I hope your gnocchi tasted better than mine did.



Jeekinz said:


> Beurre Blanc and some fresh sage leaves?


thanks for the suggestion.



auntieshelly said:


> I agree ~ a creamy basil sauce with lots of Parmesan cheese is my favorite. At the Fior d'Italia in San Francisco (oldest Italian restaurant in the USA), gnocchi are served with a light creamy tomato sauce with lots of Parm. The sauce is meatless and almost a pinky color -- rich, delicious and very popular! YUM!!!!!!


 
yummy. thanks for the suggestions.



MicheleFromPisa said:


> Hi to all. From my point of view, the best gnocchi sauce is a "sausage ragout". Fry a well-broken onion in EVO, and put some sausage of the best quality in the pot. When they colored, put some white wine, let the wine evaporate, put tomato sauce, salt (not so much!), cover, reduce the fire to the very minimum, and then wait (a good ragout is ready after at least 3 hours cooking).
> 
> To avoid gnocchi reduce to a mush, use this tecnique: take a pot, put in it a cookware of ragout, a cookware of gnocchi and parmesan cheese (original!), and repeat.
> 
> ...


 
thank you for the suggestion, sounds good.


----------



## MicheleFromPisa (Feb 29, 2008)

AMSeccia said:


> Hi Michele, thank you for your authentic suggestion.  A question for you ... how much tomato sauce do you add to the ragout?  Are you saying a completed tomato sauce or are you starting a sauce here and finishing with the sausage and wine reduction?

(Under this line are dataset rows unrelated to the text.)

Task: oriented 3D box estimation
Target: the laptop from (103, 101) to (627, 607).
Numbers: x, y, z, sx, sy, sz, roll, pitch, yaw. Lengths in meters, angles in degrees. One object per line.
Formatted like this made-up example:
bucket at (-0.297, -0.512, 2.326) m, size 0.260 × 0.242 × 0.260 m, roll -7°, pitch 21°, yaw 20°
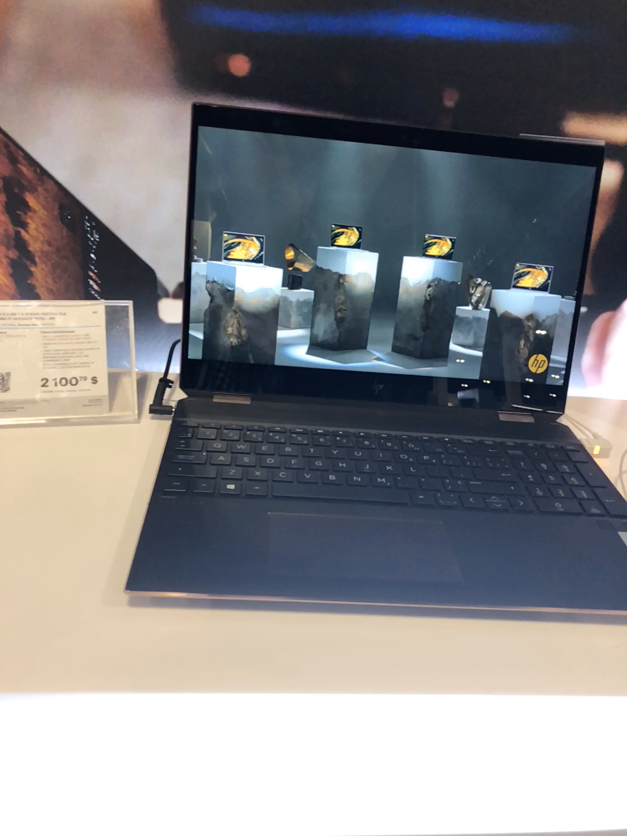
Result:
laptop at (0.057, -0.070, 0.488) m, size 0.332 × 0.226 × 0.323 m, roll 4°, pitch 27°, yaw -8°
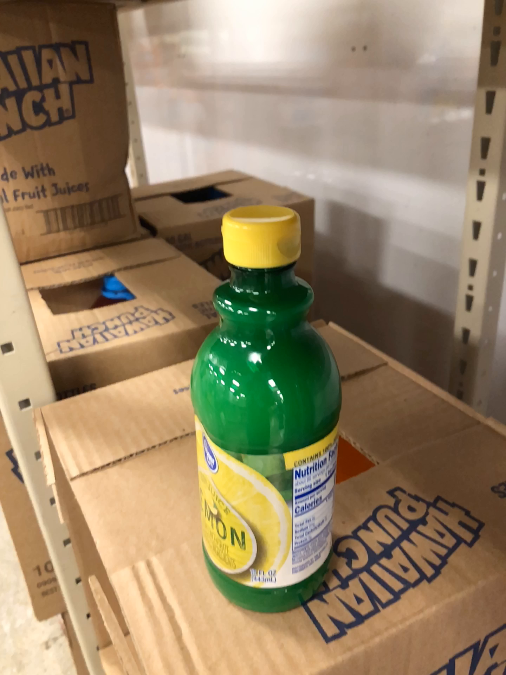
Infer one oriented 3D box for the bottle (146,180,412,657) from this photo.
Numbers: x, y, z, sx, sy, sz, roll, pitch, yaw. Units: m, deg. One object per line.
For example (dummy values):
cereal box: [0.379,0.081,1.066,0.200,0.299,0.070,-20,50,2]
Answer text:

Hi AMSeccia, thanks for the interesting!

For the added tomato sauce, I mean something very simple, for example what we call "pomodori pelati" (bald tomatoes) or "passata di pomodoro" (sifted out tomatoes, maybe...). However, in summer I just use mature tomatoes, just skinned off and breaked up...

For the quantity, depends for how much people the ragout will be... here are the quantity for 4 persons:
- 3 souspoon of EVOO;
- 1 medium-size red onion;
- 2 sausages (or about 200 gr of)
- 400 gr of sauce tomatoes or 600 gr of mature tomatoes.

Hope this help!
Bye, M


----------



## ChefJune (Feb 29, 2008)

auntieshelly said:


> I agree ~ a creamy basil sauce with lots of Parmesan cheese is my favorite.  At the Fior d'Italia in San Francisco (oldest Italian restaurant in the USA), gnocchi are served with a light creamy tomato sauce with lots of Parm. The sauce is meatless and almost a pinky color -- rich, delicious and very popular!  YUM!!!!!!



sorry, AuntieShelly, but the Italian Village in Chicago predates Fior d'Italia by at least three years.  It was established in 1927!  

Oh my, Michele.... that sounds amazing.  I usually do gnocchi in a browned butter sauce with some fresh herbs.... sage, or maybe oregano.  Your tomato with sausage sounds so wonderful, especially for cold weather!  My mouth is watering!


----------



## Jeekinz (Feb 29, 2008)

ChefJune said:


> sorry, AuntieShelly, but the Italian Village in Chicago predates Fior d'Italia by at least three years. It was established in 1927!


 
Last I heard 1886 was older than 1927. 

Fior d'Italia, San Francisco - America's Oldest Italian Restaurant


----------



## auntieshelly (Mar 1, 2008)

Thanks, Jeekinz, for posting the information about The Fior in San Francisco.  You beat me to it.  Yes, ChefJune, the Fior d'Italia holds the distinction of being the oldest Italian restaurant in the country -- since 1886!  If you ever come to San Francisco, it is a must to dine there!!


----------



## PastaKing (Mar 7, 2008)

LadyCook61 said:


> I bought some gnocchi , intending to use Marinara sauce or EVOO or butter.
> Any other ideas what to put on these?


 
I never use red sauce for my gnocchis. Nor do I for my Perogies. Any sort of potatoe pasta, I always use butter and garlic with fresh parsley, and a hint of basil.


----------